By Artem Avetisyan on April 29, 2022 • 9 min read
We all know and love “git push” deploys popularized by Heroku some eons ego. Heroku also got us spoiled with a great CLI. But hosting on Heroku (or similar services) costs money. Which is fine for serious stuff, but sometimes you just want to host a side project where the only acceptable price is zero.
In this post we’ll setup a self-hosted Heroku like expirience on a free1 cloud vm. Using a Heroku like CLI, we will then deploy a Rails app featuring:
I recently learned about Oracle Cloud always free offer, so there’s our free server.

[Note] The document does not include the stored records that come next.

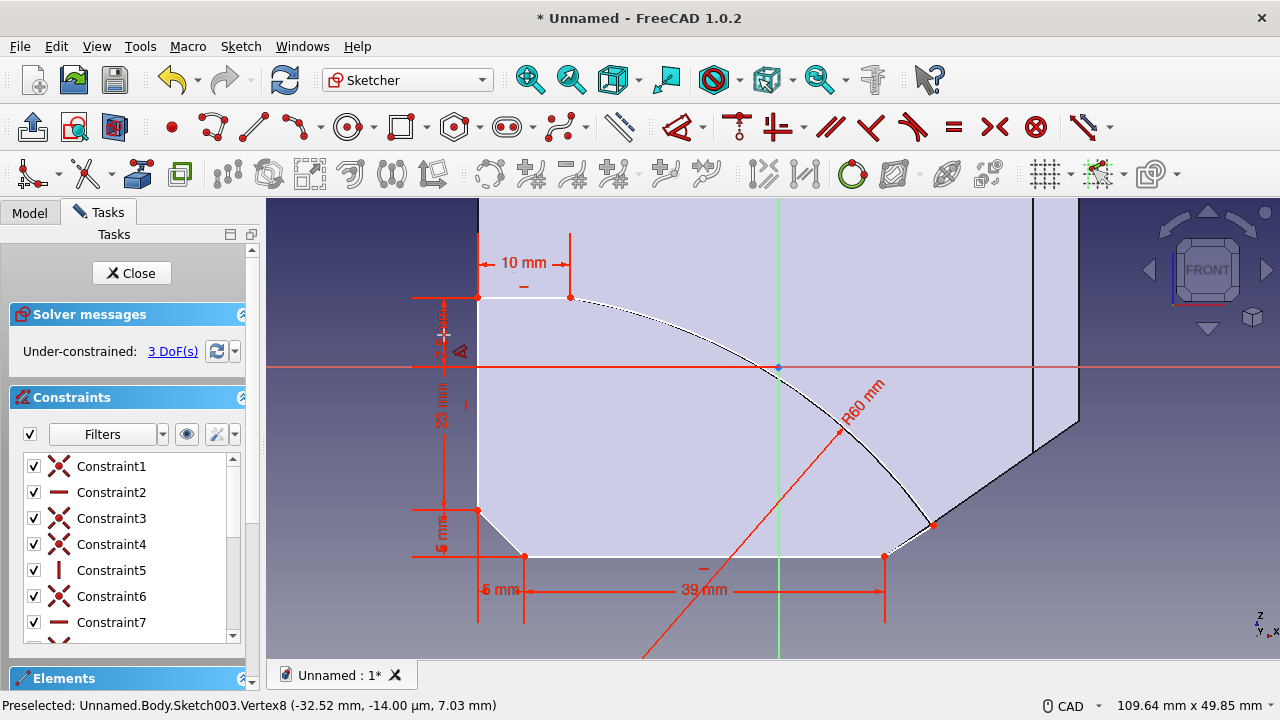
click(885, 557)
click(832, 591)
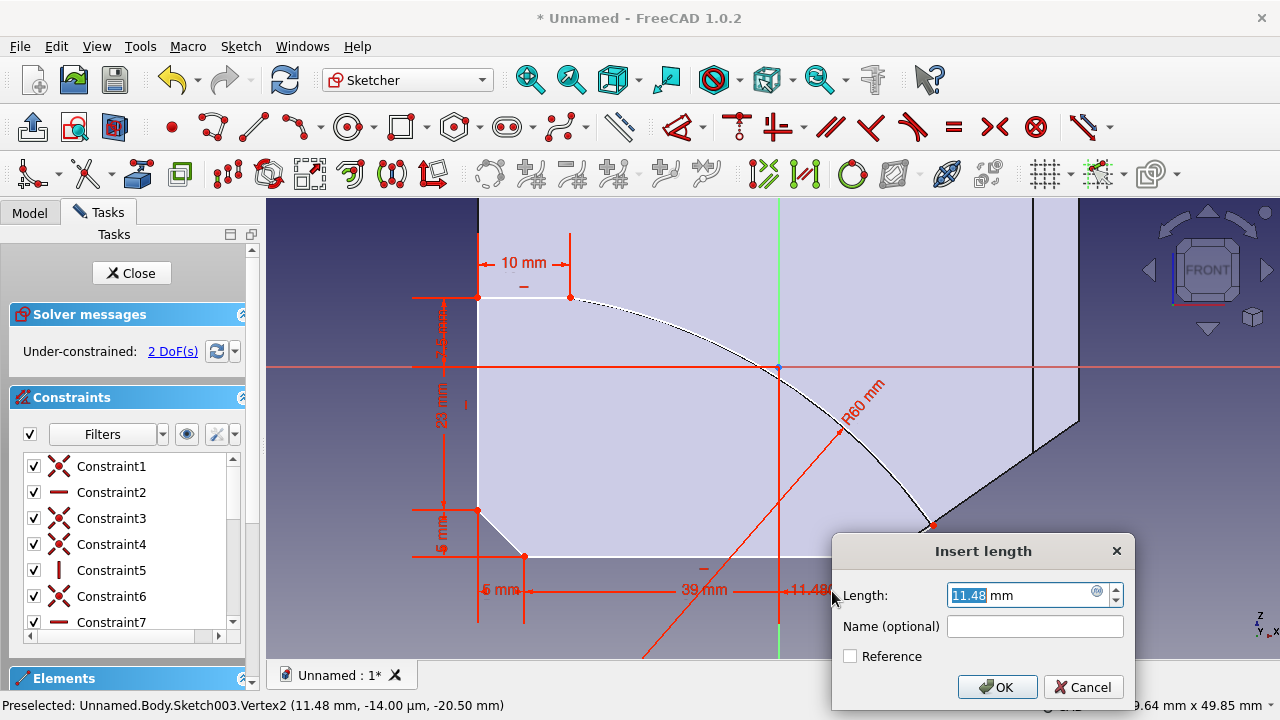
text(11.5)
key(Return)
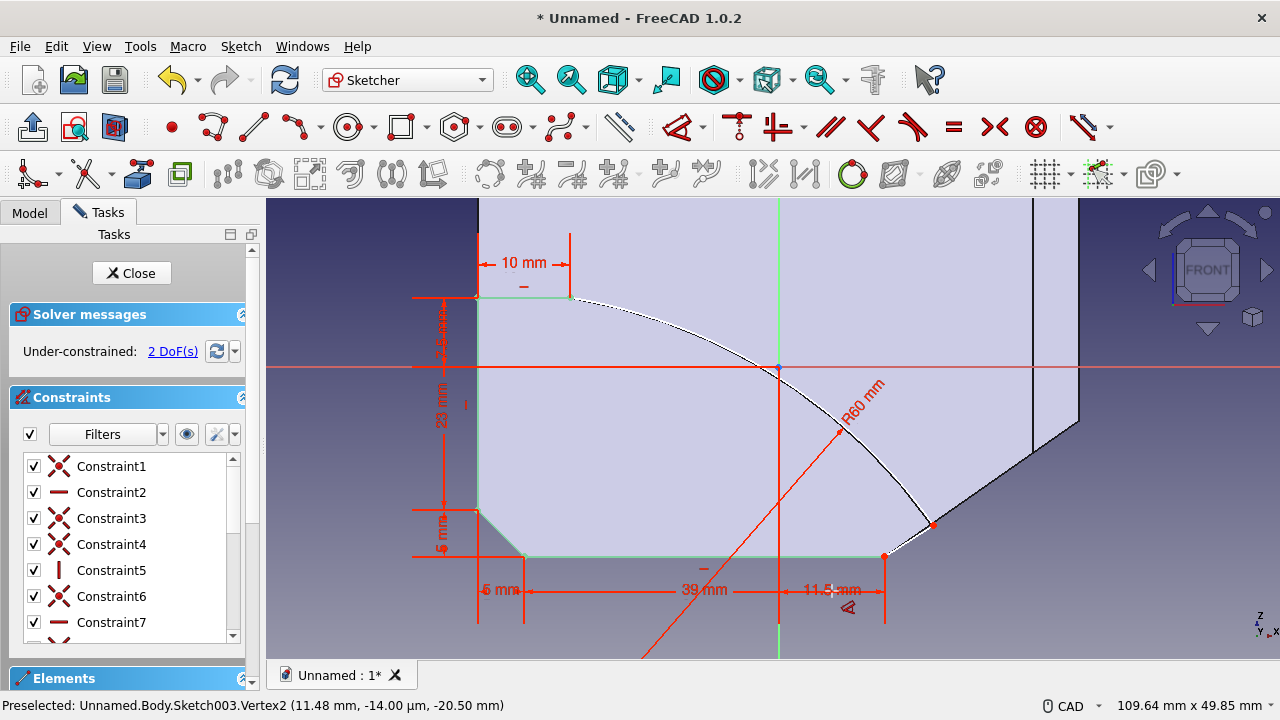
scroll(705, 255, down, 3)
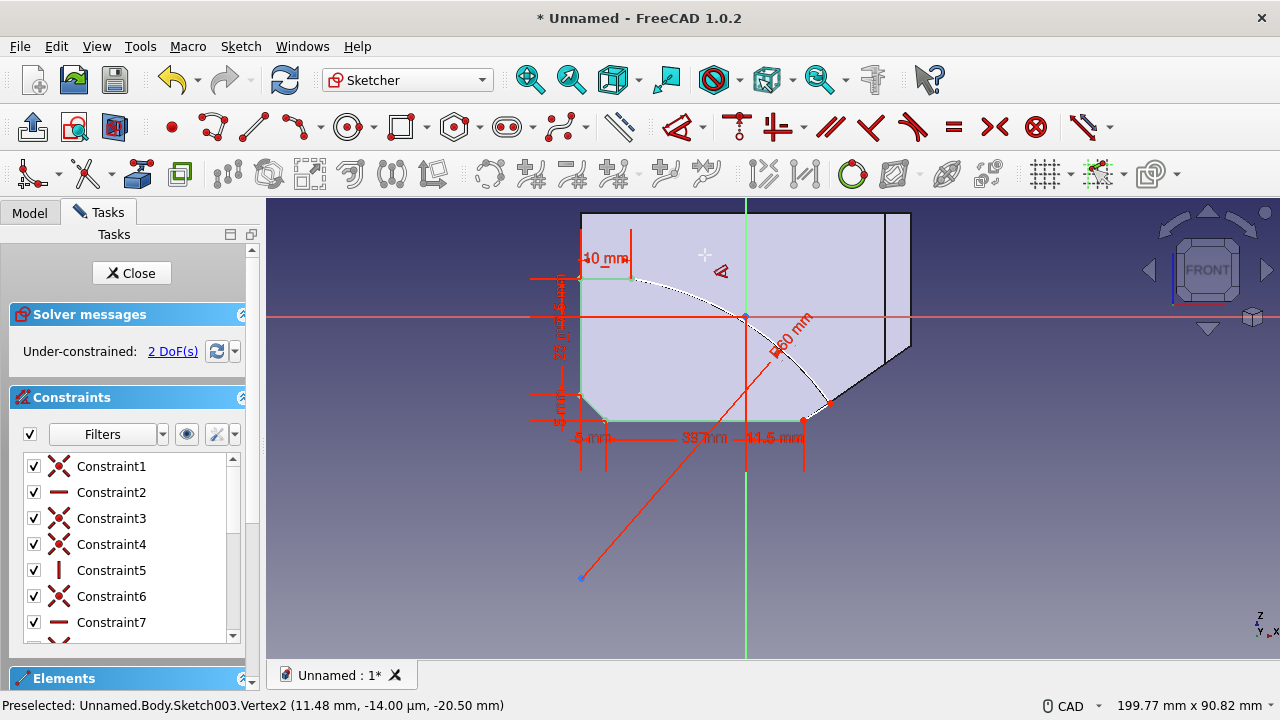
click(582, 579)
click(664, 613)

A free instance gets up to 3 OCPU cores (whataver that means), 6GB of RAM, 46GB of block storage and 10TB of outbound traffic. Pretty good. It’s worth pointing out that those riches are only available for Oracle Ampere Arm CPUs. This will present some challanges, but nothing unavoidable - all necessary workarounds are covered in the post.
For the purpose of this post I opted for Ubuntu image (simply because I am more familiar with it). The experience on the default Oracle Linux may or may not vary.
Once the vm is up, make sure passwordless ssh is configured (this is done either when an instance is created or later with
ssh-copy-id). Login to the instance and make sure packages are up to date:
sudo apt get update && sudo apt get upgrade
After the that’s done, we need to open http ports 443 and 80. This is done by adding an Ingress Rule in Security List of your instance’s Virtual Cloud Network (see details in the official guide).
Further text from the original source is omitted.